The Laboratoire d’Electronique de Technologie et d’Instrumentation (LETI) specializes in the application of photosensitive resins for lithographic processes in the semiconductors industry (transistors for integrated circuits). The ever-increasing miniaturization of transistors is the driving force behind numerous technological advances. Currently, the best possible resolution that can be achieved for isolated lines is 40 nm, and 60 nm for lines in dense patterns.

These limits are most probably due to the different resin components presently used. The current challenge is therefore to develop new resin formulations (chemically amplified resists or so-called CARs) that will allow a resolution of 20 nm to be obtained.

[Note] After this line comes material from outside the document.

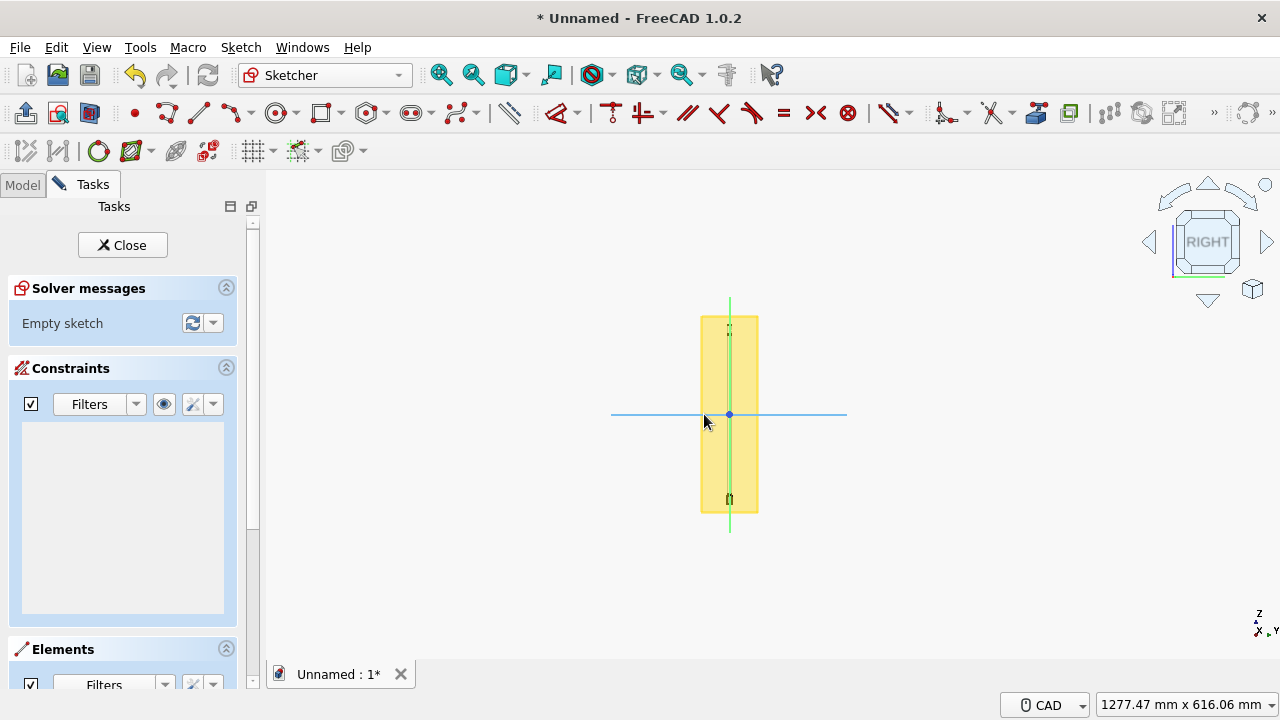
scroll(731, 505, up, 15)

CARs are multi-component mixtures consisting of a polymer matrix (the combination of two polymers), a photo acid generator, PAG, and other additives, depending on the properties desired. In order to improve the properties of CARs, the production process has to be optimized. This in turn requires an understanding of the physicochemical behavior of each component of the CAR and its effect on the process. The LETI-LTM (Laboratoire de Technologie Microélectronique) and the “Laboratoire de Thermodynamique des Solutions et des Polymères” cooperate in this area of research. Temperature-modulated DSC (ADSC), FTIR and thickness measurement techniques are used to investigate the influence of the different resin components on resolution in the lithographic process. The main advantage of ADSC is that the glass transition temperature and the thermal effects associated with the lithographic process (vaporization and cross-linking) can be determined in one single measurement [1].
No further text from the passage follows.